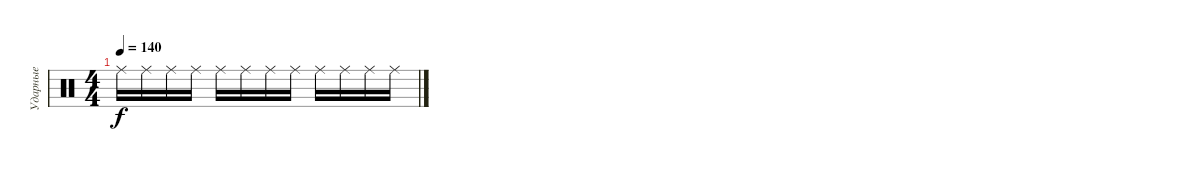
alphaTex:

\track ("Ударные" "Ударные") {instrument percussion}
\staff {score}
\articulation defaults
\ts (4 4)
\tempo 140
\clef neutral
\ks c "Ride (middle)".16{dy f} "Ride (middle)".16 "Ride (middle)".16 "Ride (middle)".16 "Ride (middle)".16 "Ride (middle)".16 "Ride (middle)".16 "Ride (middle)".16 "Ride (middle)".16 "Ride (middle)".16 "Ride (middle)".16 "Ride (middle)".16
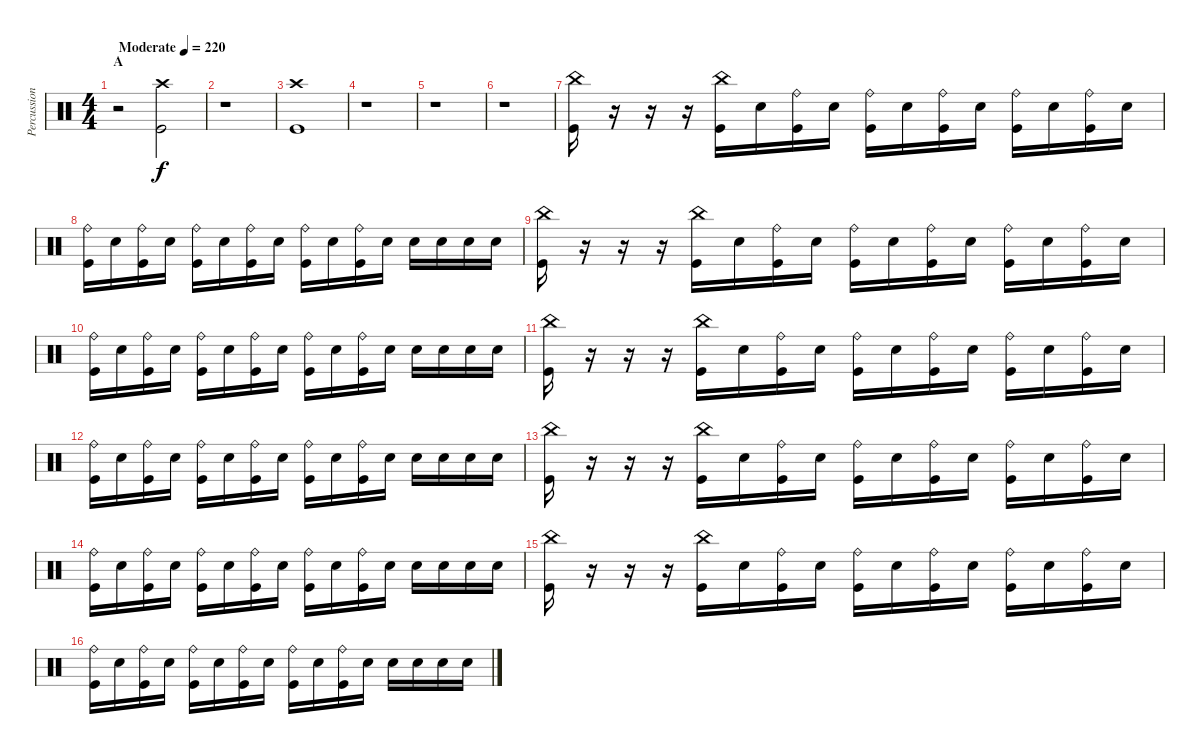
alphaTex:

\track ("Percussion" "Percussion") {instrument percussion}
\staff {score}
\articulation defaults
\ts (4 4)
\section ("" "A")
\tempo (220 "Moderate")
\clef neutral
\ks c
r.2{dy f} ("Crash high (hit)" "Kick (hit)").2 |
r.1 |
("Crash high (hit)" "Kick (hit)").1 |
r.1 |
r.1 |
r.1 |
("China (hit)" "Kick (hit)").16 r.16 r.16 r.16 ("China (hit)" "Kick (hit)").16 "Snare (hit) 2".16 ("Ride (bell)" "Kick (hit)").16 "Snare (hit) 2".16 ("Ride (bell)" "Kick (hit)").16 "Snare (hit) 2".16 ("Ride (bell)" "Kick (hit)").16 "Snare (hit) 2".16 ("Ride (bell)" "Kick (hit)").16 "Snare (hit) 2".16 ("Ride (bell)" "Kick (hit)").16 "Snare (hit) 2".16 |
("Ride (bell)" "Kick (hit)").16 "Snare (hit) 2".16 ("Ride (bell)" "Kick (hit)").16 "Snare (hit) 2".16 ("Ride (bell)" "Kick (hit)").16 "Snare (hit) 2".16 ("Ride (bell)" "Kick (hit)").16 "Snare (hit) 2".16 ("Ride (bell)" "Kick (hit)").16 "Snare (hit) 2".16 ("Ride (bell)" "Kick (hit)").16 "Snare (hit) 2".16 "Snare (hit) 2".16 "Snare (hit) 2".16 "Snare (hit) 2".16 "Snare (hit) 2".16 |
("China (hit)" "Kick (hit)").16 r.16 r.16 r.16 ("China (hit)" "Kick (hit)").16 "Snare (hit) 2".16 ("Ride (bell)" "Kick (hit)").16 "Snare (hit) 2".16 ("Ride (bell)" "Kick (hit)").16 "Snare (hit) 2".16 ("Ride (bell)" "Kick (hit)").16 "Snare (hit) 2".16 ("Ride (bell)" "Kick (hit)").16 "Snare (hit) 2".16 ("Ride (bell)" "Kick (hit)").16 "Snare (hit) 2".16 |
("Ride (bell)" "Kick (hit)").16 "Snare (hit) 2".16 ("Ride (bell)" "Kick (hit)").16 "Snare (hit) 2".16 ("Ride (bell)" "Kick (hit)").16 "Snare (hit) 2".16 ("Ride (bell)" "Kick (hit)").16 "Snare (hit) 2".16 ("Ride (bell)" "Kick (hit)").16 "Snare (hit) 2".16 ("Ride (bell)" "Kick (hit)").16 "Snare (hit) 2".16 "Snare (hit) 2".16 "Snare (hit) 2".16 "Snare (hit) 2".16 "Snare (hit) 2".16 |
("China (hit)" "Kick (hit)").16 r.16 r.16 r.16 ("China (hit)" "Kick (hit)").16 "Snare (hit) 2".16 ("Ride (bell)" "Kick (hit)").16 "Snare (hit) 2".16 ("Ride (bell)" "Kick (hit)").16 "Snare (hit) 2".16 ("Ride (bell)" "Kick (hit)").16 "Snare (hit) 2".16 ("Ride (bell)" "Kick (hit)").16 "Snare (hit) 2".16 ("Ride (bell)" "Kick (hit)").16 "Snare (hit) 2".16 |
("Ride (bell)" "Kick (hit)").16 "Snare (hit) 2".16 ("Ride (bell)" "Kick (hit)").16 "Snare (hit) 2".16 ("Ride (bell)" "Kick (hit)").16 "Snare (hit) 2".16 ("Ride (bell)" "Kick (hit)").16 "Snare (hit) 2".16 ("Ride (bell)" "Kick (hit)").16 "Snare (hit) 2".16 ("Ride (bell)" "Kick (hit)").16 "Snare (hit) 2".16 "Snare (hit) 2".16 "Snare (hit) 2".16 "Snare (hit) 2".16 "Snare (hit) 2".16 |
("China (hit)" "Kick (hit)").16 r.16 r.16 r.16 ("China (hit)" "Kick (hit)").16 "Snare (hit) 2".16 ("Ride (bell)" "Kick (hit)").16 "Snare (hit) 2".16 ("Ride (bell)" "Kick (hit)").16 "Snare (hit) 2".16 ("Ride (bell)" "Kick (hit)").16 "Snare (hit) 2".16 ("Ride (bell)" "Kick (hit)").16 "Snare (hit) 2".16 ("Ride (bell)" "Kick (hit)").16 "Snare (hit) 2".16 |
("Ride (bell)" "Kick (hit)").16 "Snare (hit) 2".16 ("Ride (bell)" "Kick (hit)").16 "Snare (hit) 2".16 ("Ride (bell)" "Kick (hit)").16 "Snare (hit) 2".16 ("Ride (bell)" "Kick (hit)").16 "Snare (hit) 2".16 ("Ride (bell)" "Kick (hit)").16 "Snare (hit) 2".16 ("Ride (bell)" "Kick (hit)").16 "Snare (hit) 2".16 "Snare (hit) 2".16 "Snare (hit) 2".16 "Snare (hit) 2".16 "Snare (hit) 2".16 |
("China (hit)" "Kick (hit)").16 r.16 r.16 r.16 ("China (hit)" "Kick (hit)").16 "Snare (hit) 2".16 ("Ride (bell)" "Kick (hit)").16 "Snare (hit) 2".16 ("Ride (bell)" "Kick (hit)").16 "Snare (hit) 2".16 ("Ride (bell)" "Kick (hit)").16 "Snare (hit) 2".16 ("Ride (bell)" "Kick (hit)").16 "Snare (hit) 2".16 ("Ride (bell)" "Kick (hit)").16 "Snare (hit) 2".16 |
("Ride (bell)" "Kick (hit)").16 "Snare (hit) 2".16 ("Ride (bell)" "Kick (hit)").16 "Snare (hit) 2".16 ("Ride (bell)" "Kick (hit)").16 "Snare (hit) 2".16 ("Ride (bell)" "Kick (hit)").16 "Snare (hit) 2".16 ("Ride (bell)" "Kick (hit)").16 "Snare (hit) 2".16 ("Ride (bell)" "Kick (hit)").16 "Snare (hit) 2".16 "Snare (hit) 2".16 "Snare (hit) 2".16 "Snare (hit) 2".16 "Snare (hit) 2".16
################
YOUR INSTRUCTIONS: Print every entry exactly as written, without the pictures.

ANSWER TO THIS EXERCISE:
alphaTex:

\track ("Ударные" "Ударные") {instrument percussion}
\staff {score}
\articulation defaults
\ts (4 4)
\tempo 140
\clef neutral
\ks c "Ride (middle)".16{dy f} "Ride (middle)".16 "Ride (middle)".16 "Ride (middle)".16 "Ride (middle)".16 "Ride (middle)".16 "Ride (middle)".16 "Ride (middle)".16 "Ride (middle)".16 "Ride (middle)".16 "Ride (middle)".16 "Ride (middle)".16
alphaTex:

\track ("Percussion" "Percussion") {instrument percussion}
\staff {score}
\articulation defaults
\ts (4 4)
\section ("" "A")
\tempo (220 "Moderate")
\clef neutral
\ks c
r.2{dy f} ("Crash high (hit)" "Kick (hit)").2 |
r.1 |
("Crash high (hit)" "Kick (hit)").1 |
r.1 |
r.1 |
r.1 |
("China (hit)" "Kick (hit)").16 r.16 r.16 r.16 ("China (hit)" "Kick (hit)").16 "Snare (hit) 2".16 ("Ride (bell)" "Kick (hit)").16 "Snare (hit) 2".16 ("Ride (bell)" "Kick (hit)").16 "Snare (hit) 2".16 ("Ride (bell)" "Kick (hit)").16 "Snare (hit) 2".16 ("Ride (bell)" "Kick (hit)").16 "Snare (hit) 2".16 ("Ride (bell)" "Kick (hit)").16 "Snare (hit) 2".16 |
("Ride (bell)" "Kick (hit)").16 "Snare (hit) 2".16 ("Ride (bell)" "Kick (hit)").16 "Snare (hit) 2".16 ("Ride (bell)" "Kick (hit)").16 "Snare (hit) 2".16 ("Ride (bell)" "Kick (hit)").16 "Snare (hit) 2".16 ("Ride (bell)" "Kick (hit)").16 "Snare (hit) 2".16 ("Ride (bell)" "Kick (hit)").16 "Snare (hit) 2".16 "Snare (hit) 2".16 "Snare (hit) 2".16 "Snare (hit) 2".16 "Snare (hit) 2".16 |
("China (hit)" "Kick (hit)").16 r.16 r.16 r.16 ("China (hit)" "Kick (hit)").16 "Snare (hit) 2".16 ("Ride (bell)" "Kick (hit)").16 "Snare (hit) 2".16 ("Ride (bell)" "Kick (hit)").16 "Snare (hit) 2".16 ("Ride (bell)" "Kick (hit)").16 "Snare (hit) 2".16 ("Ride (bell)" "Kick (hit)").16 "Snare (hit) 2".16 ("Ride (bell)" "Kick (hit)").16 "Snare (hit) 2".16 |
("Ride (bell)" "Kick (hit)").16 "Snare (hit) 2".16 ("Ride (bell)" "Kick (hit)").16 "Snare (hit) 2".16 ("Ride (bell)" "Kick (hit)").16 "Snare (hit) 2".16 ("Ride (bell)" "Kick (hit)").16 "Snare (hit) 2".16 ("Ride (bell)" "Kick (hit)").16 "Snare (hit) 2".16 ("Ride (bell)" "Kick (hit)").16 "Snare (hit) 2".16 "Snare (hit) 2".16 "Snare (hit) 2".16 "Snare (hit) 2".16 "Snare (hit) 2".16 |
("China (hit)" "Kick (hit)").16 r.16 r.16 r.16 ("China (hit)" "Kick (hit)").16 "Snare (hit) 2".16 ("Ride (bell)" "Kick (hit)").16 "Snare (hit) 2".16 ("Ride (bell)" "Kick (hit)").16 "Snare (hit) 2".16 ("Ride (bell)" "Kick (hit)").16 "Snare (hit) 2".16 ("Ride (bell)" "Kick (hit)").16 "Snare (hit) 2".16 ("Ride (bell)" "Kick (hit)").16 "Snare (hit) 2".16 |
("Ride (bell)" "Kick (hit)").16 "Snare (hit) 2".16 ("Ride (bell)" "Kick (hit)").16 "Snare (hit) 2".16 ("Ride (bell)" "Kick (hit)").16 "Snare (hit) 2".16 ("Ride (bell)" "Kick (hit)").16 "Snare (hit) 2".16 ("Ride (bell)" "Kick (hit)").16 "Snare (hit) 2".16 ("Ride (bell)" "Kick (hit)").16 "Snare (hit) 2".16 "Snare (hit) 2".16 "Snare (hit) 2".16 "Snare (hit) 2".16 "Snare (hit) 2".16 |
("China (hit)" "Kick (hit)").16 r.16 r.16 r.16 ("China (hit)" "Kick (hit)").16 "Snare (hit) 2".16 ("Ride (bell)" "Kick (hit)").16 "Snare (hit) 2".16 ("Ride (bell)" "Kick (hit)").16 "Snare (hit) 2".16 ("Ride (bell)" "Kick (hit)").16 "Snare (hit) 2".16 ("Ride (bell)" "Kick (hit)").16 "Snare (hit) 2".16 ("Ride (bell)" "Kick (hit)").16 "Snare (hit) 2".16 |
("Ride (bell)" "Kick (hit)").16 "Snare (hit) 2".16 ("Ride (bell)" "Kick (hit)").16 "Snare (hit) 2".16 ("Ride (bell)" "Kick (hit)").16 "Snare (hit) 2".16 ("Ride (bell)" "Kick (hit)").16 "Snare (hit) 2".16 ("Ride (bell)" "Kick (hit)").16 "Snare (hit) 2".16 ("Ride (bell)" "Kick (hit)").16 "Snare (hit) 2".16 "Snare (hit) 2".16 "Snare (hit) 2".16 "Snare (hit) 2".16 "Snare (hit) 2".16 |
("China (hit)" "Kick (hit)").16 r.16 r.16 r.16 ("China (hit)" "Kick (hit)").16 "Snare (hit) 2".16 ("Ride (bell)" "Kick (hit)").16 "Snare (hit) 2".16 ("Ride (bell)" "Kick (hit)").16 "Snare (hit) 2".16 ("Ride (bell)" "Kick (hit)").16 "Snare (hit) 2".16 ("Ride (bell)" "Kick (hit)").16 "Snare (hit) 2".16 ("Ride (bell)" "Kick (hit)").16 "Snare (hit) 2".16 |
("Ride (bell)" "Kick (hit)").16 "Snare (hit) 2".16 ("Ride (bell)" "Kick (hit)").16 "Snare (hit) 2".16 ("Ride (bell)" "Kick (hit)").16 "Snare (hit) 2".16 ("Ride (bell)" "Kick (hit)").16 "Snare (hit) 2".16 ("Ride (bell)" "Kick (hit)").16 "Snare (hit) 2".16 ("Ride (bell)" "Kick (hit)").16 "Snare (hit) 2".16 "Snare (hit) 2".16 "Snare (hit) 2".16 "Snare (hit) 2".16 "Snare (hit) 2".16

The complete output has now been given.